What you are asked to do:
Locate and copy each line in the data that contains the word "please".

Top of Information shown

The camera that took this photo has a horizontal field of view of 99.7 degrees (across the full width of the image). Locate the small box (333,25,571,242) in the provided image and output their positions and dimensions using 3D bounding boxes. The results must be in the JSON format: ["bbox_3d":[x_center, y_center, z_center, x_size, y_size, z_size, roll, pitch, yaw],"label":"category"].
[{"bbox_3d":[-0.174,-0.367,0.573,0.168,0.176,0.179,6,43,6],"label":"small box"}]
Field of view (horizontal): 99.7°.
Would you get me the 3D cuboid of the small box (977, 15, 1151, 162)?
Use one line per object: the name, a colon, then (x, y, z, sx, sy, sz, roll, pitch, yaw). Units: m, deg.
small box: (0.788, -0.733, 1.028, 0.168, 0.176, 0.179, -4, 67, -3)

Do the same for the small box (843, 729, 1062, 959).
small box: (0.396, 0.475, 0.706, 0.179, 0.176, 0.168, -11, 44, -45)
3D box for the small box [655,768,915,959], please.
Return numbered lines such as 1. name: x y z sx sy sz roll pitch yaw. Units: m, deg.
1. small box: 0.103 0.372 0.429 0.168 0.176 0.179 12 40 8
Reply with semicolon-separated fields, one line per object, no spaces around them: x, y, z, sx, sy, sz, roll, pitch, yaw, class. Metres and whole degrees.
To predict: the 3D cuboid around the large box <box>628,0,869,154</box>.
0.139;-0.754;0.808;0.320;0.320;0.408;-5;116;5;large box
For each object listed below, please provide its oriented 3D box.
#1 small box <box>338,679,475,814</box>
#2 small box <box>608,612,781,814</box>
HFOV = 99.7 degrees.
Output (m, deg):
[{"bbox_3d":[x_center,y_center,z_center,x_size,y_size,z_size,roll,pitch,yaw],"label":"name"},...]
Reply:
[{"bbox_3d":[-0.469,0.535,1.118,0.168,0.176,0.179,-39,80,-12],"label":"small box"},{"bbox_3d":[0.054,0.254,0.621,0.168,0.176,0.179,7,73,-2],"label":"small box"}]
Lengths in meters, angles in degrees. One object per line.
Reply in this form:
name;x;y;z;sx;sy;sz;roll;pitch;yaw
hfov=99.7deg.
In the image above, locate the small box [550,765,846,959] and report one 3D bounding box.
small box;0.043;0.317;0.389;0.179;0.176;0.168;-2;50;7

Bottom of Information shown

Response to this task:
3D box for the small box [655,768,915,959], please.
For each object listed below, please provide its oriented 3D box.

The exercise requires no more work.